EXERCISE REQUIREMENTS -> Give back each line of the material that contains the word "pitch".
START INPUT FOR THIS TASK
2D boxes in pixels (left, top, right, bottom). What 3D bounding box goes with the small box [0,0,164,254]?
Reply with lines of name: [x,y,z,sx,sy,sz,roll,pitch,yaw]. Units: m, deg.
END INPUT FOR THIS TASK
START INPUT FOR THIS TASK
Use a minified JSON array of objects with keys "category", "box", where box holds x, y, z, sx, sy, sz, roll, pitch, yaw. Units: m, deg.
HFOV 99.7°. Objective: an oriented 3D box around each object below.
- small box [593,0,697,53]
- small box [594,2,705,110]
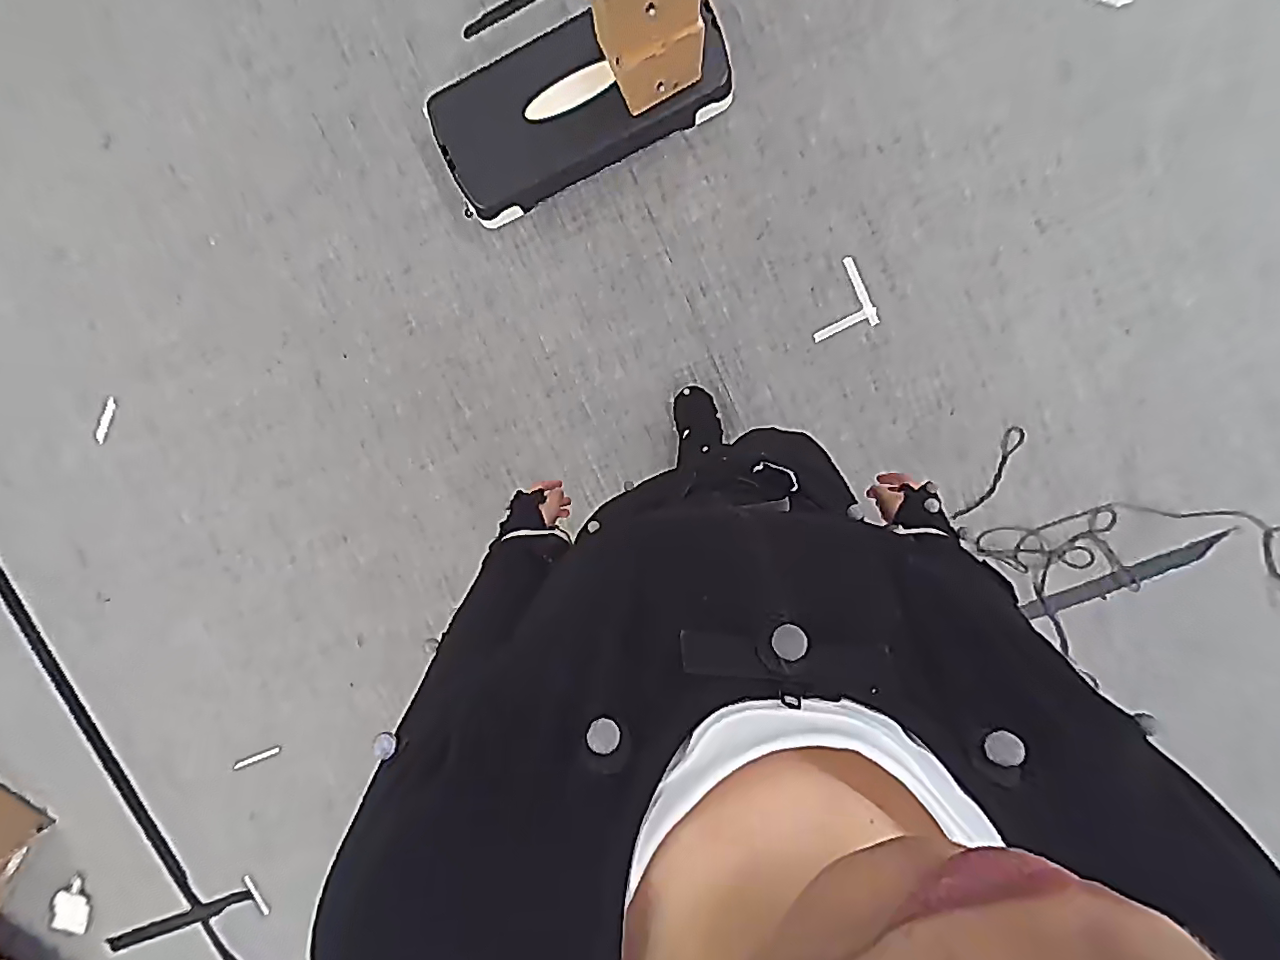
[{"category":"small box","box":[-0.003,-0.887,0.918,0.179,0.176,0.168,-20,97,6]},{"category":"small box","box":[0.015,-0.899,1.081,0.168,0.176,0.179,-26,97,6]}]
END INPUT FOR THIS TASK
SOLUTION TO THIS EXERCISE ->
Reply with lines of name: [x,y,z,sx,sy,sz,roll,pitch,yaw]. Units: m, deg.
Use a minified JSON array of objects with keys "category", "box", where box holds x, y, z, sx, sy, sz, roll, pitch, yaw. Units: m, deg.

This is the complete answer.